[Raw data Boundary: Start]

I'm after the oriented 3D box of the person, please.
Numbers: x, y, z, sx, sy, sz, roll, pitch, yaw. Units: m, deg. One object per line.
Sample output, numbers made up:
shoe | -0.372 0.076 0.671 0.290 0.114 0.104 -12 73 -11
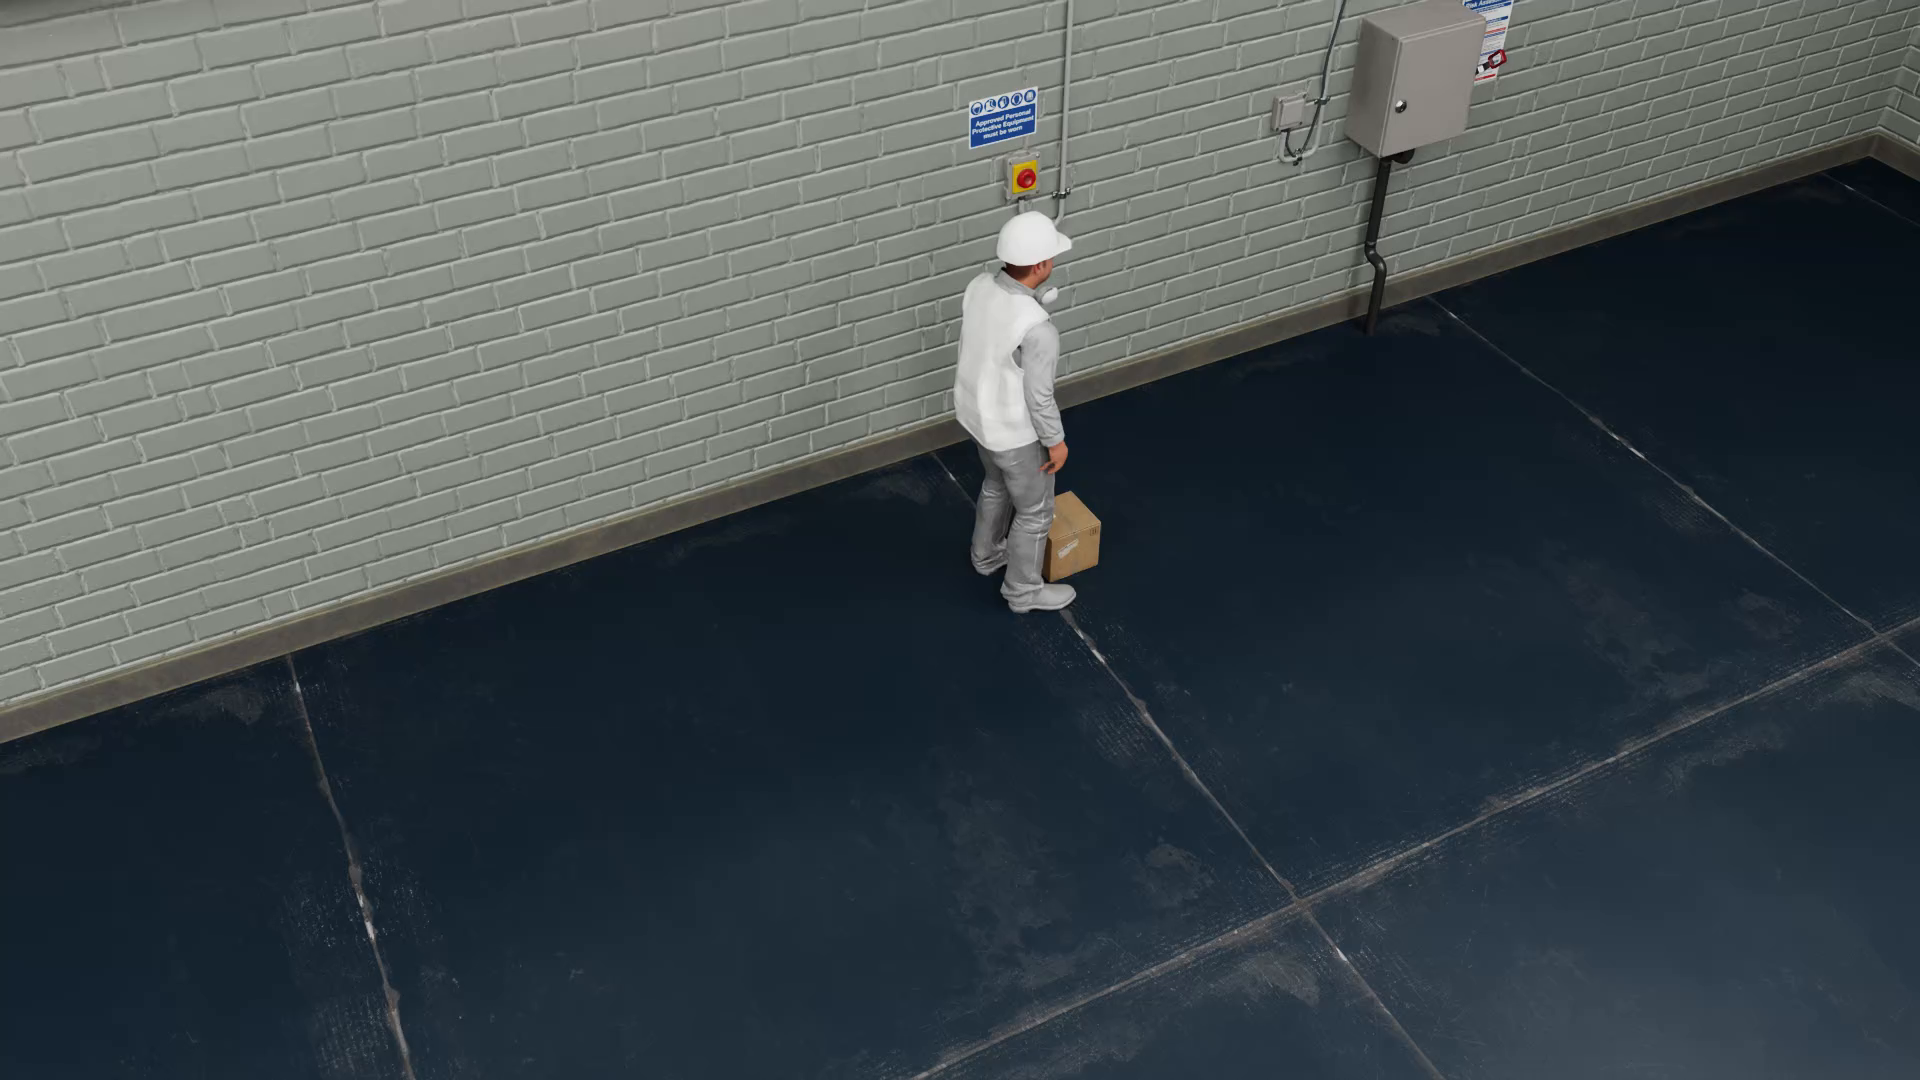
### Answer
person | 0.218 -0.506 6.720 0.459 1.772 0.591 -21 45 -22
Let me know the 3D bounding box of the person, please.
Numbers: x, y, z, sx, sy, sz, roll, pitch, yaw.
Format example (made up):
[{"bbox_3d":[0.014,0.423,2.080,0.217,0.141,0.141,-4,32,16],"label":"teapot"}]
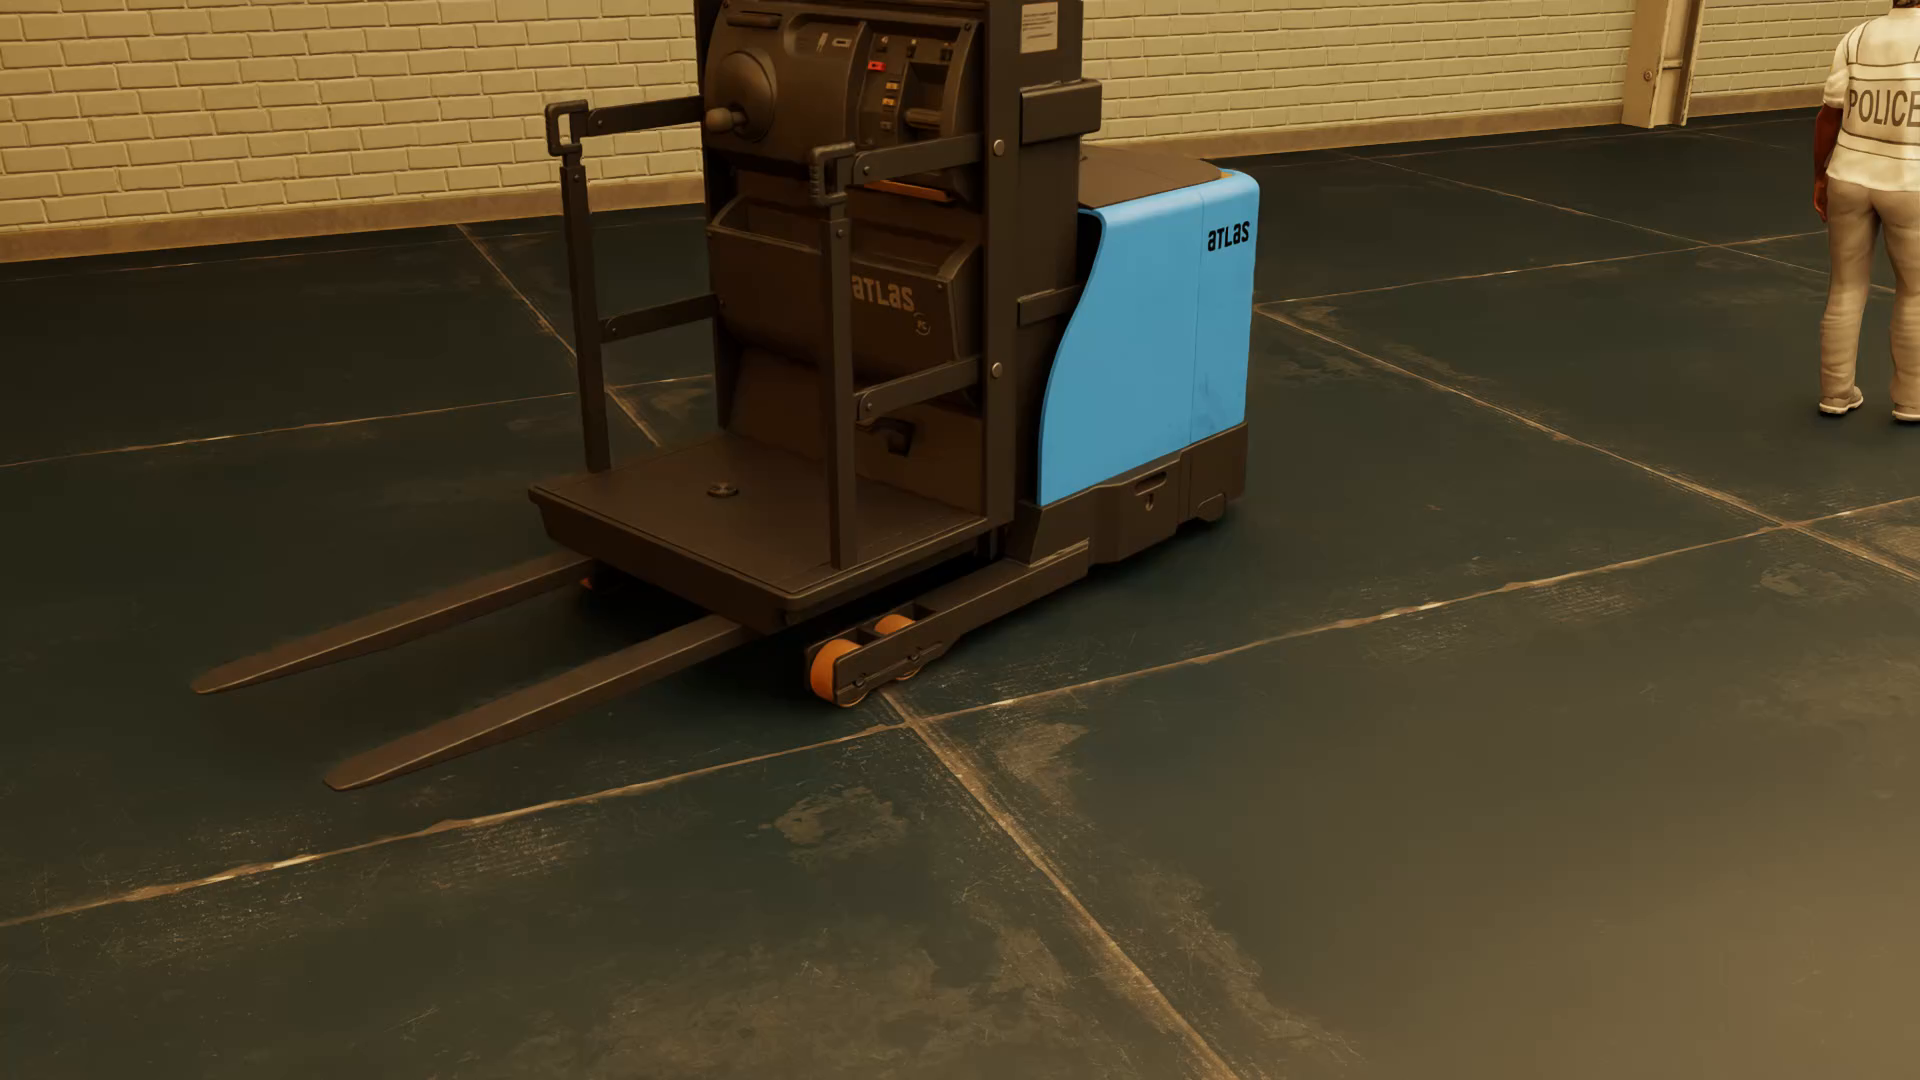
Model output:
[{"bbox_3d":[3.353,-1.271,5.939,0.527,1.695,0.569,-18,29,-37],"label":"person"}]

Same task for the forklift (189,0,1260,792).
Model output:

[Raw data Boundary: End]

§ **Task**
A count is needed of the lines in the entries that contain "pitch". Supply only that number.

§ **Task result**
2